``Noisier'’ Noise Contrastive Estimation is (Almost) Maximum Likelihood
Abstract
Noise Contrastive Estimation (NCE) has fueled major breakthroughs in representation learning and generative modeling. Yet a long-standing challenge remains: accurately estimating ratios between distributions that differ substantially, which significantly limits the applicability of NCE on modern high-dimensional and multimodal datasets. We revisit this problem from a less explored perspective: the magnitude of the noise distribution. Specifically, we show that with a virtually scaled (i.e., artificially increased) noise magnitude, the gradient of the NCE objective can closely align with that of Maximum Likelihood, enabling a trajectory-wise approximation from NCE to MLE, and faster convergence both theoretically and empirically.

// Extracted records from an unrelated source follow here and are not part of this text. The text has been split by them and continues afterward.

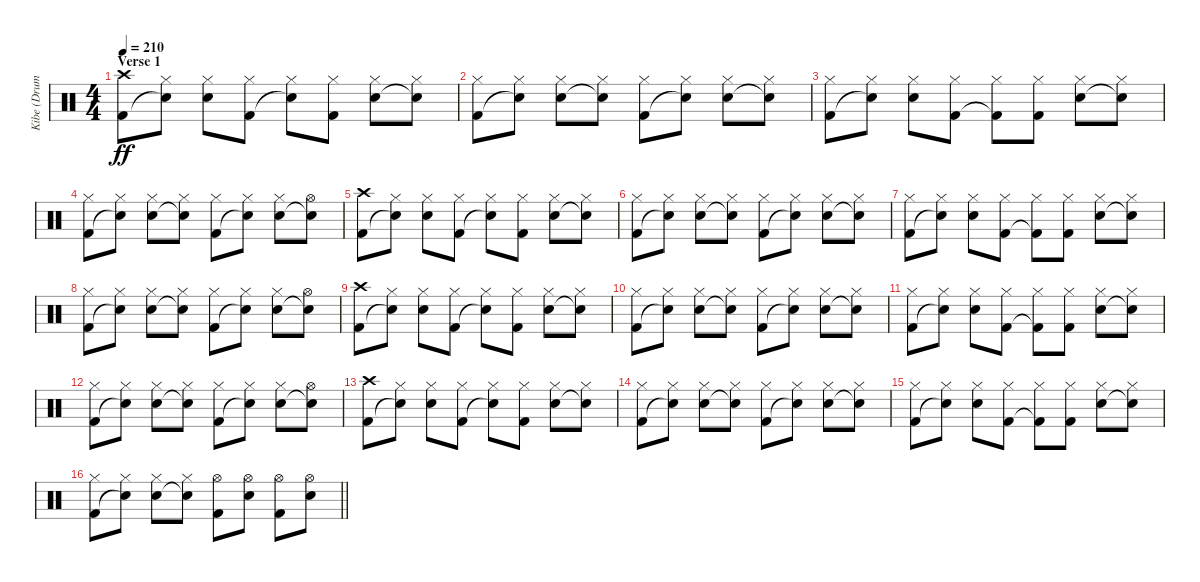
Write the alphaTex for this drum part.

\track ("Kibe (Drums)" "Kibe (Drum") {instrument percussion}
\staff {score}
\articulation defaults
\ts (4 4)
\section ("" "Verse 1")
\tempo 210
\clef neutral
\ks c
("Crash high (hit)" "Kick (hit) 2").8{dy ff} ("Hi-Hat (closed)" "Snare (hit)"{t}).8 ("Hi-Hat (closed)" "Snare (hit) 2").8 ("Hi-Hat (closed)" "Kick (hit) 2").8 ("Hi-Hat (closed)" "Snare (hit)"{t}).8 ("Hi-Hat (closed)" "Kick (hit) 2").8 ("Hi-Hat (closed)" "Snare (hit) 2").8 ("Hi-Hat (closed)" "Snare (hit)"{t}).8 |
("Hi-Hat (closed)" "Kick (hit) 2").8 ("Hi-Hat (closed)" "Snare (hit)"{t}).8 ("Hi-Hat (closed)" "Snare (hit) 2").8 ("Hi-Hat (closed)" "Snare (hit)"{t}).8 ("Hi-Hat (closed)" "Kick (hit) 2").8 ("Hi-Hat (closed)" "Snare (hit)"{t}).8 ("Hi-Hat (closed)" "Snare (hit) 2").8 ("Hi-Hat (closed)" "Snare (hit)"{t}).8 |
("Hi-Hat (closed)" "Kick (hit) 2").8 ("Hi-Hat (closed)" "Snare (hit)"{t}).8 ("Hi-Hat (closed)" "Snare (hit) 2").8 ("Hi-Hat (closed)" "Kick (hit) 2").8 ("Hi-Hat (closed)" "Kick (hit) 2"{t}).8 ("Hi-Hat (closed)" "Kick (hit) 2").8 ("Hi-Hat (closed)" "Snare (hit) 2").8 ("Hi-Hat (closed)" "Snare (hit)"{t}).8 |
("Hi-Hat (closed)" "Kick (hit) 2").8 ("Hi-Hat (closed)" "Snare (hit)"{t}).8 ("Hi-Hat (closed)" "Snare (hit) 2").8 ("Hi-Hat (closed)" "Snare (hit)"{t}).8 ("Hi-Hat (closed)" "Kick (hit) 2").8 ("Hi-Hat (closed)" "Snare (hit)"{t}).8 ("Hi-Hat (closed)" "Snare (hit) 2").8 ("Hi-Hat (open)" "Snare (hit)"{t}).8 |
("Crash high (hit)" "Kick (hit) 2").8 ("Hi-Hat (closed)" "Snare (hit)"{t}).8 ("Hi-Hat (closed)" "Snare (hit) 2").8 ("Hi-Hat (closed)" "Kick (hit) 2").8 ("Hi-Hat (closed)" "Snare (hit)"{t}).8 ("Hi-Hat (closed)" "Kick (hit) 2").8 ("Hi-Hat (closed)" "Snare (hit) 2").8 ("Hi-Hat (closed)" "Snare (hit)"{t}).8 |
("Hi-Hat (closed)" "Kick (hit) 2").8 ("Hi-Hat (closed)" "Snare (hit)"{t}).8 ("Hi-Hat (closed)" "Snare (hit) 2").8 ("Hi-Hat (closed)" "Snare (hit)"{t}).8 ("Hi-Hat (closed)" "Kick (hit) 2").8 ("Hi-Hat (closed)" "Snare (hit)"{t}).8 ("Hi-Hat (closed)" "Snare (hit) 2").8 ("Hi-Hat (closed)" "Snare (hit)"{t}).8 |
("Hi-Hat (closed)" "Kick (hit) 2").8 ("Hi-Hat (closed)" "Snare (hit)"{t}).8 ("Hi-Hat (closed)" "Snare (hit) 2").8 ("Hi-Hat (closed)" "Kick (hit) 2").8 ("Hi-Hat (closed)" "Kick (hit) 2"{t}).8 ("Hi-Hat (closed)" "Kick (hit) 2").8 ("Hi-Hat (closed)" "Snare (hit) 2").8 ("Hi-Hat (closed)" "Snare (hit)"{t}).8 |
("Hi-Hat (closed)" "Kick (hit) 2").8 ("Hi-Hat (closed)" "Snare (hit)"{t}).8 ("Hi-Hat (closed)" "Snare (hit) 2").8 ("Hi-Hat (closed)" "Snare (hit)"{t}).8 ("Hi-Hat (closed)" "Kick (hit) 2").8 ("Hi-Hat (closed)" "Snare (hit)"{t}).8 ("Hi-Hat (closed)" "Snare (hit) 2").8 ("Hi-Hat (open)" "Snare (hit)"{t}).8 |
("Crash high (hit)" "Kick (hit) 2").8 ("Hi-Hat (closed)" "Snare (hit)"{t}).8 ("Hi-Hat (closed)" "Snare (hit) 2").8 ("Hi-Hat (closed)" "Kick (hit) 2").8 ("Hi-Hat (closed)" "Snare (hit)"{t}).8 ("Hi-Hat (closed)" "Kick (hit) 2").8 ("Hi-Hat (closed)" "Snare (hit) 2").8 ("Hi-Hat (closed)" "Snare (hit)"{t}).8 |
("Hi-Hat (closed)" "Kick (hit) 2").8 ("Hi-Hat (closed)" "Snare (hit)"{t}).8 ("Hi-Hat (closed)" "Snare (hit) 2").8 ("Hi-Hat (closed)" "Snare (hit)"{t}).8 ("Hi-Hat (closed)" "Kick (hit) 2").8 ("Hi-Hat (closed)" "Snare (hit)"{t}).8 ("Hi-Hat (closed)" "Snare (hit) 2").8 ("Hi-Hat (closed)" "Snare (hit)"{t}).8 |
("Hi-Hat (closed)" "Kick (hit) 2").8 ("Hi-Hat (closed)" "Snare (hit)"{t}).8 ("Hi-Hat (closed)" "Snare (hit) 2").8 ("Hi-Hat (closed)" "Kick (hit) 2").8 ("Hi-Hat (closed)" "Kick (hit) 2"{t}).8 ("Hi-Hat (closed)" "Kick (hit) 2").8 ("Hi-Hat (closed)" "Snare (hit) 2").8 ("Hi-Hat (closed)" "Snare (hit)"{t}).8 |
("Hi-Hat (closed)" "Kick (hit) 2").8 ("Hi-Hat (closed)" "Snare (hit)"{t}).8 ("Hi-Hat (closed)" "Snare (hit) 2").8 ("Hi-Hat (closed)" "Snare (hit)"{t}).8 ("Hi-Hat (closed)" "Kick (hit) 2").8 ("Hi-Hat (closed)" "Snare (hit)"{t}).8 ("Hi-Hat (closed)" "Snare (hit) 2").8 ("Hi-Hat (open)" "Snare (hit)"{t}).8 |
("Crash high (hit)" "Kick (hit) 2").8 ("Hi-Hat (closed)" "Snare (hit)"{t}).8 ("Hi-Hat (closed)" "Snare (hit) 2").8 ("Hi-Hat (closed)" "Kick (hit) 2").8 ("Hi-Hat (closed)" "Snare (hit)"{t}).8 ("Hi-Hat (closed)" "Kick (hit) 2").8 ("Hi-Hat (closed)" "Snare (hit) 2").8 ("Hi-Hat (closed)" "Snare (hit)"{t}).8 |
("Hi-Hat (closed)" "Kick (hit) 2").8 ("Hi-Hat (closed)" "Snare (hit)"{t}).8 ("Hi-Hat (closed)" "Snare (hit) 2").8 ("Hi-Hat (closed)" "Snare (hit)"{t}).8 ("Hi-Hat (closed)" "Kick (hit) 2").8 ("Hi-Hat (closed)" "Snare (hit)"{t}).8 ("Hi-Hat (closed)" "Snare (hit) 2").8 ("Hi-Hat (closed)" "Snare (hit)"{t}).8 |
("Hi-Hat (closed)" "Kick (hit) 2").8 ("Hi-Hat (closed)" "Snare (hit)"{t}).8 ("Hi-Hat (closed)" "Snare (hit) 2").8 ("Hi-Hat (closed)" "Kick (hit) 2").8 ("Hi-Hat (closed)" "Kick (hit) 2"{t}).8 ("Hi-Hat (closed)" "Kick (hit) 2").8 ("Hi-Hat (closed)" "Snare (hit) 2").8 ("Hi-Hat (closed)" "Snare (hit)"{t}).8 |
\barLineRight lightlight
("Hi-Hat (closed)" "Kick (hit) 2").8 ("Hi-Hat (closed)" "Snare (hit)"{t}).8 ("Hi-Hat (closed)" "Snare (hit) 2").8 ("Hi-Hat (closed)" "Snare (hit)"{t}).8 ("Hi-Hat (open)" "Kick (hit) 2").8 ("Hi-Hat (open)" "Snare (hit) 2").8 ("Hi-Hat (open)" "Kick (hit) 2").8 ("Hi-Hat (open)" "Snare (hit) 2").8

Building on this insight, we introduce "Noisier" NCE, a simple drop-in modification to vanilla NCE that incurs little to no extra computational cost, while effectively handling density-ratio estimation in challenging regimes where traditional MLE and NCE struggle. Beyond improving classical density-ratio learning, "Noisier" NCE proves broadly applicable: it achieves strong results across image modeling, anomaly detection, and offline black-box optimization. On CIFAR-10 and ImageNet64×64 datasets, it yields 10-step and even 1-step samplers that match or surpass state-of-the-art methods, while cutting training iterations by up to half.